(DATASET CONTENT)
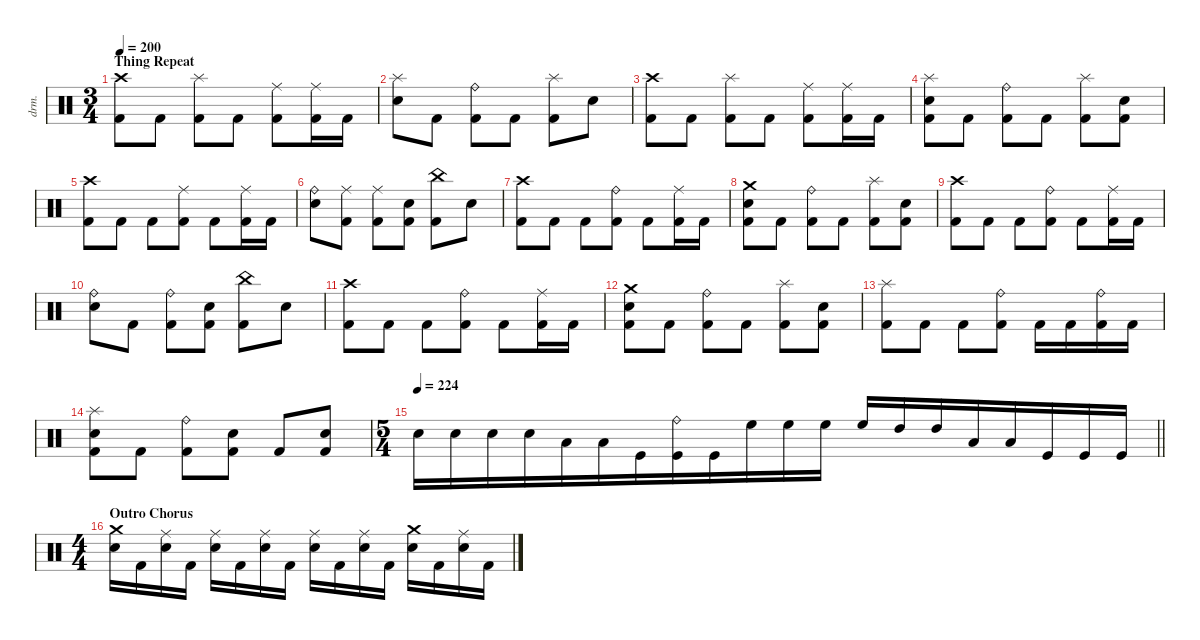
\defaultSystemsLayout 4
\hideDynamics
\bracketExtendMode nobrackets
\otherSystemsTrackNameOrientation horizontal
\track ("Percussion" "drm.") {instrument percussion}
\staff {score}
\articulation defaults
\ts (3 4)
\beaming (8 2 2 2)
\section ("" "Thing Repeat")
\tempo 200
\clef neutral
\ks c
("Crash high (hit)" "Kick (hit) 2").8{dy f beam Down} "Kick (hit) 2".8{beam Down} ("Splash (hit)" "Kick (hit) 2").8{beam Down} "Kick (hit) 2".8{beam Down} ("Ride (middle)" "Kick (hit) 2").8{beam Down} ("Ride (middle)" "Kick (hit) 2").16{beam Down} "Kick (hit) 2".16{beam Down} |
("Splash (hit)" "Snare (hit) 2").8{beam Down} "Kick (hit) 2".8{beam Down} ("Ride (bell)" "Kick (hit) 2").8{beam Down} "Kick (hit) 2".8{beam Down} ("Splash (hit)" "Kick (hit) 2").8{beam Down} "Snare (hit) 2".8{beam Down} |
("Crash high (hit)" "Kick (hit) 2").8{beam Down} "Kick (hit) 2".8{beam Down} ("Splash (hit)" "Kick (hit) 2").8{beam Down} "Kick (hit) 2".8{beam Down} ("Ride (middle)" "Kick (hit) 2").8{beam Down} ("Ride (middle)" "Kick (hit) 2").16{beam Down} "Kick (hit) 2".16{beam Down} |
("Splash (hit)" "Snare (hit) 2" "Kick (hit) 2").8{beam Down} "Kick (hit) 2".8{beam Down} ("Ride (bell)" "Kick (hit) 2").8{beam Down} "Kick (hit) 2".8{beam Down} ("Splash (hit)" "Kick (hit) 2").8{beam Down} ("Snare (hit) 2" "Kick (hit) 2").8{beam Down} |
("Crash high (hit)" "Kick (hit) 2").8{beam Down} "Kick (hit) 2".8{beam Down} "Kick (hit) 2".8{beam Down} ("Ride (middle)" "Kick (hit) 2").8{beam Down} "Kick (hit) 2".8{beam Down} ("Ride (middle)" "Kick (hit) 2").16{beam Down} "Kick (hit) 2".16{beam Down} |
("Ride (bell)" "Snare (hit) 2").8{beam Down} ("Ride (middle)" "Kick (hit) 2").8{beam Down} ("Ride (middle)" "Kick (hit) 2").8{beam Down} ("Snare (hit) 2" "Kick (hit) 2").8{beam Down} ("China (hit)" "Kick (hit) 2").8{beam Down} "Snare (hit) 2".8{beam Down} |
("Crash high (hit)" "Kick (hit) 2").8{beam Down} "Kick (hit) 2".8{beam Down} "Kick (hit) 2".8{beam Down} ("Ride (bell)" "Kick (hit) 2").8{beam Down} "Kick (hit) 2".8{beam Down} ("Ride (middle)" "Kick (hit) 2").16{beam Down} "Kick (hit) 2".16{beam Down} |
("Crash medium (hit)" "Snare (hit) 2" "Kick (hit) 2").8{beam Down} "Kick (hit) 2".8{beam Down} ("Ride (bell)" "Kick (hit) 2").8{beam Down} "Kick (hit) 2".8{beam Down} ("Splash (hit)" "Kick (hit) 2").8{beam Down} ("Snare (hit) 2" "Kick (hit) 2").8{beam Down} |
("Crash high (hit)" "Kick (hit) 2").8{beam Down} "Kick (hit) 2".8{beam Down} "Kick (hit) 2".8{beam Down} ("Ride (bell)" "Kick (hit) 2").8{beam Down} "Kick (hit) 2".8{beam Down} ("Ride (middle)" "Kick (hit) 2").16{beam Down} "Kick (hit) 2".16{beam Down} |
("Ride (bell)" "Snare (hit) 2").8{beam Down} "Kick (hit) 2".8{beam Down} ("Ride (bell)" "Kick (hit) 2").8{beam Down} ("Snare (hit) 2" "Kick (hit) 2").8{beam Down} ("China (hit)" "Kick (hit) 2").8{beam Down} "Snare (hit) 2".8{beam Down} |
("Crash high (hit)" "Kick (hit) 2").8{beam Down} "Kick (hit) 2".8{beam Down} "Kick (hit) 2".8{beam Down} ("Ride (bell)" "Kick (hit) 2").8{beam Down} "Kick (hit) 2".8{beam Down} ("Ride (middle)" "Kick (hit) 2").16{beam Down} "Kick (hit) 2".16{beam Down} |
("Crash medium (hit)" "Snare (hit) 2" "Kick (hit) 2").8{beam Down} "Kick (hit) 2".8{beam Down} ("Ride (bell)" "Kick (hit) 2").8{beam Down} "Kick (hit) 2".8{beam Down} ("Splash (hit)" "Kick (hit) 2").8{beam Down} ("Snare (hit) 2" "Kick (hit) 2").8{beam Down} |
("Splash (hit)" "Kick (hit) 2").8{beam Down} "Kick (hit) 2".8{beam Down} "Kick (hit) 2".8{beam Down} ("Ride (bell)" "Kick (hit) 2").8{beam Down} "Kick (hit) 2".16{beam Down} "Kick (hit) 2".16{beam Down} ("Ride (bell)" "Kick (hit) 2").16{beam Down} "Kick (hit) 2".16{beam Down} |
("Splash (hit)" "Snare (hit) 2" "Kick (hit) 2").8{beam Down} "Kick (hit) 2".8{beam Down} ("Ride (bell)" "Kick (hit) 2").8{beam Down} ("Snare (hit) 2" "Kick (hit) 2").8{beam Down} "Kick (hit) 2".8{beam Up} ("Snare (hit) 2" "Kick (hit) 2").8{beam Up} |
\ts (5 4)
\beaming (8 6 4)
\tempo 224
\barLineRight lightlight "Snare (hit) 2".16{beam Down} "Snare (hit) 2".16{beam Down} "Snare (hit) 2".16{beam Down} "Snare (hit) 2".16{beam Down} "Low Tom (hit)".16{beam Down} "Low Tom (hit)".16{beam Down} "Kick (hit)".16{beam Down}
("Ride (bell)" "Kick (hit)").16{beam Down} "Kick (hit)".16{beam Down} "High Floor Tom (hit)".16{beam Down} "High Floor Tom (hit)".16{beam Down} "High Floor Tom (hit)".16{beam Down} "High Floor Tom (hit)".16{beam Up} "High Tom (hit)".16{beam Up} "High Tom (hit)".16{beam Up} "Low Tom (hit)".16{beam Up} "Low Tom (hit)".16{beam Up} "Kick (hit)".16{beam Up} "Kick (hit)".16{beam Up} "Kick (hit)".16{beam Up} |
\ts (4 4)
\beaming (8 2 2 2 2)
\section ("" "Outro Chorus")
("Crash medium (hit)" "Snare (hit) 2").16{beam Down} "Kick (hit) 2".16{beam Down} ("Ride (middle)" "Snare (hit) 2").16{beam Down} "Kick (hit) 2".16{beam Down} ("Ride (middle)" "Snare (hit) 2").16{beam Down} "Kick (hit) 2".16{beam Down} ("Ride (middle)" "Snare (hit) 2").16{beam Down} "Kick (hit) 2".16{beam Down} ("Ride (middle)" "Snare (hit) 2").16{beam Down} "Kick (hit) 2".16{beam Down} ("Ride (middle)" "Snare (hit) 2").16{beam Down} "Kick (hit) 2".16{beam Down} ("Crash medium (hit)" "Snare (hit) 2").16{beam Down} "Kick (hit) 2".16{beam Down} ("Ride (middle)" "Snare (hit) 2").16{beam Down} "Kick (hit) 2".16{beam Down}
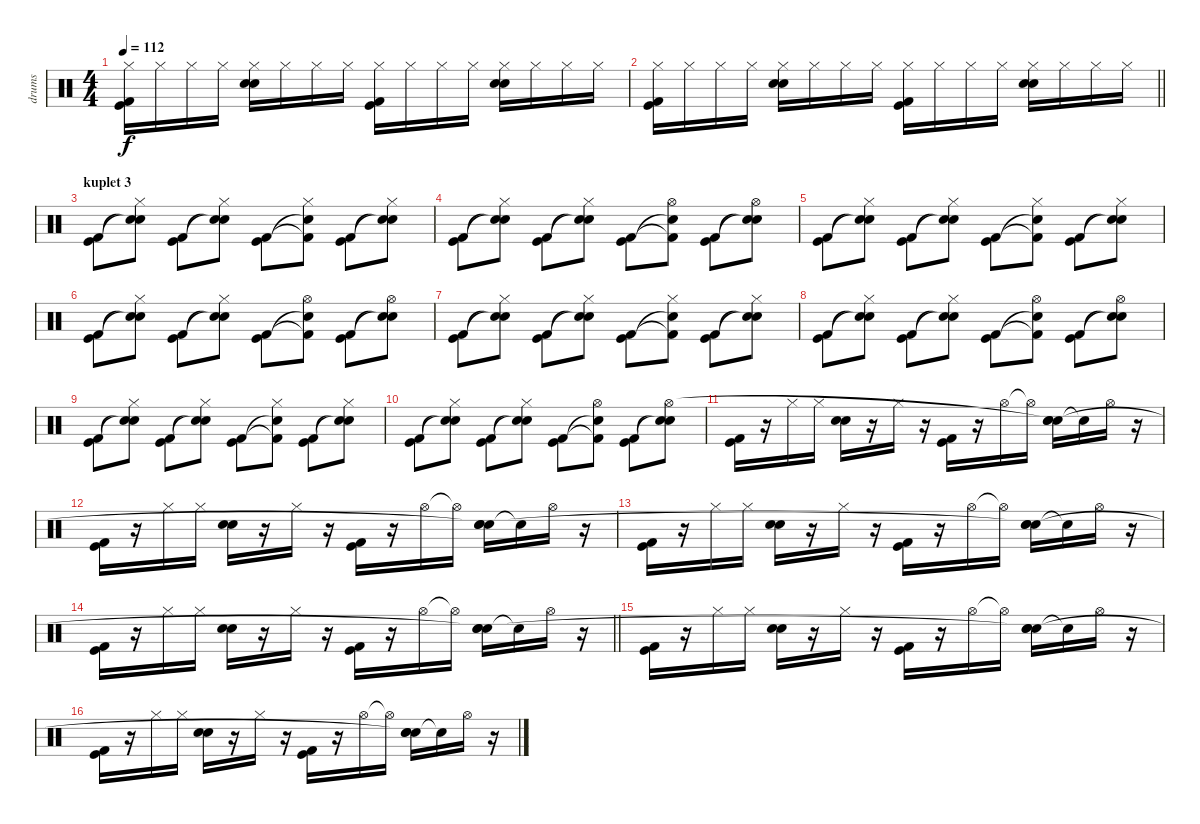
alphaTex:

\track ("drums" "drums") {instrument percussion}
\staff {score}
\articulation defaults
\ts (4 4)
\tempo 112
\clef neutral
\ks c
("Hi-Hat (closed)" "Kick (hit) 2" "Kick (hit)").16{dy f} "Hi-Hat (closed)".16 "Hi-Hat (closed)".16 "Hi-Hat (closed)".16 ("Hi-Hat (closed)" "Snare (hit) 2" "Electric Snare (hit)").16 "Hi-Hat (closed)".16 "Hi-Hat (closed)".16 "Hi-Hat (closed)".16 ("Hi-Hat (closed)" "Kick (hit) 2" "Kick (hit)").16 "Hi-Hat (closed)".16 "Hi-Hat (closed)".16 "Hi-Hat (closed)".16 ("Hi-Hat (closed)" "Snare (hit) 2" "Electric Snare (hit)").16 "Hi-Hat (closed)".16 "Hi-Hat (closed)".16 "Hi-Hat (closed)".16 |
\barLineRight lightlight
("Hi-Hat (closed)" "Kick (hit) 2" "Kick (hit)").16 "Hi-Hat (closed)".16 "Hi-Hat (closed)".16 "Hi-Hat (closed)".16 ("Hi-Hat (closed)" "Snare (hit) 2" "Electric Snare (hit)").16 "Hi-Hat (closed)".16 "Hi-Hat (closed)".16 "Hi-Hat (closed)".16 ("Hi-Hat (closed)" "Kick (hit) 2" "Kick (hit)").16 "Hi-Hat (closed)".16 "Hi-Hat (closed)".16 "Hi-Hat (closed)".16 ("Hi-Hat (closed)" "Snare (hit) 2" "Electric Snare (hit)").16 "Hi-Hat (closed)".16 "Hi-Hat (closed)".16 "Hi-Hat (closed)".16 |
\section ("" "kuplet 3")
("Kick (hit)" "Kick (hit) 2").8 ("Snare (hit)"{t} "Snare (hit)"{t} "Hi-Hat (closed)").8 ("Kick (hit)" "Kick (hit) 2").8 ("Snare (hit)"{t} "Snare (hit)"{t} "Hi-Hat (closed)").8 ("Kick (hit)" "Kick (hit) 2").8 ("Snare (hit)"{t} "Kick (hit) 2"{t} "Hi-Hat (closed)").8 ("Kick (hit)" "Kick (hit) 2").8 ("Snare (hit)"{t} "Snare (hit)"{t} "Hi-Hat (closed)").8 |
("Kick (hit)" "Kick (hit) 2").8 ("Snare (hit)"{t} "Snare (hit)"{t} "Hi-Hat (closed)").8 ("Kick (hit)" "Kick (hit) 2").8 ("Snare (hit)"{t} "Snare (hit)"{t} "Hi-Hat (closed)").8 ("Kick (hit)" "Kick (hit) 2").8 ("Snare (hit)"{t} "Kick (hit) 2"{t} "Hi-Hat (open)").8 ("Kick (hit)" "Kick (hit) 2").8 ("Snare (hit)"{t} "Snare (hit)"{t} "Hi-Hat (open)").8 |
("Kick (hit)" "Kick (hit) 2").8 ("Snare (hit)"{t} "Snare (hit)"{t} "Hi-Hat (closed)").8 ("Kick (hit)" "Kick (hit) 2").8 ("Snare (hit)"{t} "Snare (hit)"{t} "Hi-Hat (closed)").8 ("Kick (hit)" "Kick (hit) 2").8 ("Snare (hit)"{t} "Kick (hit) 2"{t} "Hi-Hat (closed)").8 ("Kick (hit)" "Kick (hit) 2").8 ("Snare (hit)"{t} "Snare (hit)"{t} "Hi-Hat (closed)").8 |
("Kick (hit)" "Kick (hit) 2").8 ("Snare (hit)"{t} "Snare (hit)"{t} "Hi-Hat (closed)").8 ("Kick (hit)" "Kick (hit) 2").8 ("Snare (hit)"{t} "Snare (hit)"{t} "Hi-Hat (closed)").8 ("Kick (hit)" "Kick (hit) 2").8 ("Snare (hit)"{t} "Kick (hit) 2"{t} "Hi-Hat (open)").8 ("Kick (hit)" "Kick (hit) 2").8 ("Snare (hit)"{t} "Snare (hit)"{t} "Hi-Hat (open)").8 |
("Kick (hit)" "Kick (hit) 2").8 ("Snare (hit)"{t} "Snare (hit)"{t} "Hi-Hat (closed)").8 ("Kick (hit)" "Kick (hit) 2").8 ("Snare (hit)"{t} "Snare (hit)"{t} "Hi-Hat (closed)").8 ("Kick (hit)" "Kick (hit) 2").8 ("Snare (hit)"{t} "Kick (hit) 2"{t} "Hi-Hat (closed)").8 ("Kick (hit)" "Kick (hit) 2").8 ("Snare (hit)"{t} "Snare (hit)"{t} "Hi-Hat (closed)").8 |
("Kick (hit)" "Kick (hit) 2").8 ("Snare (hit)"{t} "Snare (hit)"{t} "Hi-Hat (closed)").8 ("Kick (hit)" "Kick (hit) 2").8 ("Snare (hit)"{t} "Snare (hit)"{t} "Hi-Hat (closed)").8 ("Kick (hit)" "Kick (hit) 2").8 ("Snare (hit)"{t} "Kick (hit) 2"{t} "Hi-Hat (open)").8 ("Kick (hit)" "Kick (hit) 2").8 ("Snare (hit)"{t} "Snare (hit)"{t} "Hi-Hat (open)").8 |
("Kick (hit)" "Kick (hit) 2").8 ("Snare (hit)"{t} "Snare (hit)"{t} "Hi-Hat (closed)").8 ("Kick (hit)" "Kick (hit) 2").8 ("Snare (hit)"{t} "Snare (hit)"{t} "Hi-Hat (closed)").8 ("Kick (hit)" "Kick (hit) 2").8 ("Snare (hit)"{t} "Kick (hit) 2"{t} "Hi-Hat (closed)").8 ("Kick (hit)" "Kick (hit) 2").8 ("Snare (hit)"{t} "Snare (hit)"{t} "Hi-Hat (closed)").8 |
("Kick (hit)" "Kick (hit) 2").8 ("Snare (hit)"{t} "Snare (hit)"{t} "Hi-Hat (closed)").8 ("Kick (hit)" "Kick (hit) 2").8 ("Snare (hit)"{t} "Snare (hit)"{t} "Hi-Hat (closed)").8 ("Kick (hit)" "Kick (hit) 2").8 ("Snare (hit)"{t} "Kick (hit) 2"{t} "Hi-Hat (open)").8 ("Kick (hit)" "Kick (hit) 2").8 ("Snare (hit)"{t} "Snare (hit)"{t} "Hi-Hat (open)").8 |
("Kick (hit) 2" "Kick (hit)").16 r.16 "Hi-Hat (closed)".16 "Hi-Hat (closed)".16 ("Snare (hit) 2" "Electric Snare (hit)").16 r.16 "Hi-Hat (closed)".16 r.16 ("Kick (hit) 2" "Kick (hit)").16 r.16 "Hi-Hat (open)".16 "Hi-Hat (open)"{t}.16 ("Snare (hit) 2" "Electric Snare (hit)" "Snare (hit)"{t}).16 "Snare (hit)"{t}.16 "Hi-Hat (open)".16 r.16 |
("Kick (hit) 2" "Kick (hit)").16 r.16 "Hi-Hat (closed)".16 "Hi-Hat (closed)".16 ("Snare (hit) 2" "Electric Snare (hit)").16 r.16 "Hi-Hat (closed)".16 r.16 ("Kick (hit) 2" "Kick (hit)").16 r.16 "Hi-Hat (open)".16 "Hi-Hat (open)"{t}.16 ("Snare (hit) 2" "Electric Snare (hit)" "Snare (hit)"{t}).16 "Snare (hit)"{t}.16 "Hi-Hat (open)".16 r.16 |
("Kick (hit) 2" "Kick (hit)").16 r.16 "Hi-Hat (closed)".16 "Hi-Hat (closed)".16 ("Snare (hit) 2" "Electric Snare (hit)").16 r.16 "Hi-Hat (closed)".16 r.16 ("Kick (hit) 2" "Kick (hit)").16 r.16 "Hi-Hat (open)".16 "Hi-Hat (open)"{t}.16 ("Snare (hit) 2" "Electric Snare (hit)" "Snare (hit)"{t}).16 "Snare (hit)"{t}.16 "Hi-Hat (open)".16 r.16 |
\barLineRight lightlight
("Kick (hit) 2" "Kick (hit)").16 r.16 "Hi-Hat (closed)".16 "Hi-Hat (closed)".16 ("Snare (hit) 2" "Electric Snare (hit)").16 r.16 "Hi-Hat (closed)".16 r.16 ("Kick (hit) 2" "Kick (hit)").16 r.16 "Hi-Hat (open)".16 "Hi-Hat (open)"{t}.16 ("Snare (hit) 2" "Electric Snare (hit)" "Snare (hit)"{t}).16 "Snare (hit)"{t}.16 "Hi-Hat (open)".16 r.16 |
("Kick (hit) 2" "Kick (hit)").16 r.16 "Hi-Hat (closed)".16 "Hi-Hat (closed)".16 ("Snare (hit) 2" "Electric Snare (hit)").16 r.16 "Hi-Hat (closed)".16 r.16 ("Kick (hit) 2" "Kick (hit)").16 r.16 "Hi-Hat (open)".16 "Hi-Hat (open)"{t}.16 ("Snare (hit) 2" "Electric Snare (hit)" "Snare (hit)"{t}).16 "Snare (hit)"{t}.16 "Hi-Hat (open)".16 r.16 |
("Kick (hit) 2" "Kick (hit)").16 r.16 "Hi-Hat (closed)".16 "Hi-Hat (closed)".16 ("Snare (hit) 2" "Electric Snare (hit)").16 r.16 "Hi-Hat (closed)".16 r.16 ("Kick (hit) 2" "Kick (hit)").16 r.16 "Hi-Hat (open)".16 "Hi-Hat (open)"{t}.16 ("Snare (hit) 2" "Electric Snare (hit)" "Snare (hit)"{t}).16 "Snare (hit)"{t}.16 "Hi-Hat (open)".16 r.16

(TASK REQUIREMENTS)
Look through the entries. Copy out each line with "Splash" in it.

(RESPONSE BOX)
("Crash high (hit)" "Kick (hit) 2").8{dy f beam Down} "Kick (hit) 2".8{beam Down} ("Splash (hit)" "Kick (hit) 2").8{beam Down} "Kick (hit) 2".8{beam Down} ("Ride (middle)" "Kick (hit) 2").8{beam Down} ("Ride (middle)" "Kick (hit) 2").16{beam Down} "Kick (hit) 2".16{beam Down} |
("Splash (hit)" "Snare (hit) 2").8{beam Down} "Kick (hit) 2".8{beam Down} ("Ride (bell)" "Kick (hit) 2").8{beam Down} "Kick (hit) 2".8{beam Down} ("Splash (hit)" "Kick (hit) 2").8{beam Down} "Snare (hit) 2".8{beam Down} |
("Crash high (hit)" "Kick (hit) 2").8{beam Down} "Kick (hit) 2".8{beam Down} ("Splash (hit)" "Kick (hit) 2").8{beam Down} "Kick (hit) 2".8{beam Down} ("Ride (middle)" "Kick (hit) 2").8{beam Down} ("Ride (middle)" "Kick (hit) 2").16{beam Down} "Kick (hit) 2".16{beam Down} |
("Splash (hit)" "Snare (hit) 2" "Kick (hit) 2").8{beam Down} "Kick (hit) 2".8{beam Down} ("Ride (bell)" "Kick (hit) 2").8{beam Down} "Kick (hit) 2".8{beam Down} ("Splash (hit)" "Kick (hit) 2").8{beam Down} ("Snare (hit) 2" "Kick (hit) 2").8{beam Down} |
("Crash medium (hit)" "Snare (hit) 2" "Kick (hit) 2").8{beam Down} "Kick (hit) 2".8{beam Down} ("Ride (bell)" "Kick (hit) 2").8{beam Down} "Kick (hit) 2".8{beam Down} ("Splash (hit)" "Kick (hit) 2").8{beam Down} ("Snare (hit) 2" "Kick (hit) 2").8{beam Down} |
("Crash medium (hit)" "Snare (hit) 2" "Kick (hit) 2").8{beam Down} "Kick (hit) 2".8{beam Down} ("Ride (bell)" "Kick (hit) 2").8{beam Down} "Kick (hit) 2".8{beam Down} ("Splash (hit)" "Kick (hit) 2").8{beam Down} ("Snare (hit) 2" "Kick (hit) 2").8{beam Down} |
("Splash (hit)" "Kick (hit) 2").8{beam Down} "Kick (hit) 2".8{beam Down} "Kick (hit) 2".8{beam Down} ("Ride (bell)" "Kick (hit) 2").8{beam Down} "Kick (hit) 2".16{beam Down} "Kick (hit) 2".16{beam Down} ("Ride (bell)" "Kick (hit) 2").16{beam Down} "Kick (hit) 2".16{beam Down} |
("Splash (hit)" "Snare (hit) 2" "Kick (hit) 2").8{beam Down} "Kick (hit) 2".8{beam Down} ("Ride (bell)" "Kick (hit) 2").8{beam Down} ("Snare (hit) 2" "Kick (hit) 2").8{beam Down} "Kick (hit) 2".8{beam Up} ("Snare (hit) 2" "Kick (hit) 2").8{beam Up} |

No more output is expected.